Here are the basics to know before trying to figure out the latest news regarding whether or not this entire system is constitutional.

#1 - What is the FinCEN BOI?   The United States Government, Department of Treasury Financial Crimes Enforcement Network (FinCEN) is attempting to determine who owns which small legal entities throughout the entire country. This effort is required by the Corporate Transparency Act (CTA) which was promulgated as part the larger National Defense Authorization Act of 2020 (NDAA). Congress passed the NDAA and overrode then-President Trump's veto of the act in January of 2021 with an effective date of January 1, 2024.  The Corporate Transparency Act requires virtually all small entities (each defined as a “reporting company”) to file, in the absence of an exemption, information on their “beneficial owners” with the Financial Crimes Enforcement Network (“FinCEN”) of the U.S. Department of Treasury (“Treasury”).  (The stated rationale for the law is to reduce foreign money laundering, although it is difficult for some of us to understand how a database of people and small entities will assist in this endeavor or why they would exclude the large enterprises which undoubtedly are responsible for the vast majority of money-laundering activity.  There is no record as to why or how a HOA, for example, would be laundering foreign funds, but the fact that nobody really "owns" an HOA does not exempt them from the requirement to name their beneficial owners and to provide driver's licenses or passports for all beneficial owners with harsh penalties for failing to do so). The private "ownership" information is not supposed to be publicly available, but FinCEN will disclose filed information to U.S. federal law enforcement agencies, prosecutors, judges and other enforcement agencies and to financial institutions and their regulators.

#2 - Where is the BOI Filed?  https://fincen.gov/boi

#3 - What information is required? See the FAQs.  https://fincen.gov/boi-faqs#B_1

#4 - When is it due?  For entities filed in 2025, within 30 days of formation.  For older entities, the BOI was due by 1/1/2025.  However, there is pending litigation which has delayed the deadlines, and we do not know how this will be resolved.

#5 -  What are the penalties for noncompliance? As specified in the Corporate Transparency Act, a person who willfully violates the BOI reporting requirements may be subject to civil penalties of up to $500 for each day that the violation continues. However, this civil penalty amount is adjusted annually for inflation.
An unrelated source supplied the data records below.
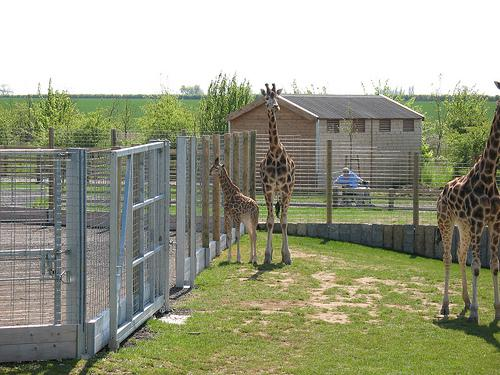Question: what is in the background?
Choices:
A. A car.
B. A truck.
C. A building.
D. A skyscraper.
Answer with the letter. Answer: C Question: how many giraffes are there?
Choices:
A. Two.
B. Three.
C. Four.
D. Five.
Answer with the letter. Answer: B Question: what are the giraffes in?
Choices:
A. A pen.
B. A building.
C. A pond.
D. A forest.
Answer with the letter. Answer: A Question: what are the giraffes standing on?
Choices:
A. Dirt.
B. Sand.
C. Brick.
D. Grass.
Answer with the letter. Answer: D Question: who is sitting on the bench?
Choices:
A. A woman.
B. A child.
C. An animal.
D. A man.
Answer with the letter. Answer: D

As of the time of publication of this FAQ, this amount is $591. A person who willfully violates the BOI reporting requirements may also be subject to criminal penalties of up to two years imprisonment and a fine of up to $10,000. Potential violations include willfully failing to file a beneficial ownership information report, willfully filing false beneficial ownership information, or willfully failing to correct or update previously reported beneficial ownership information.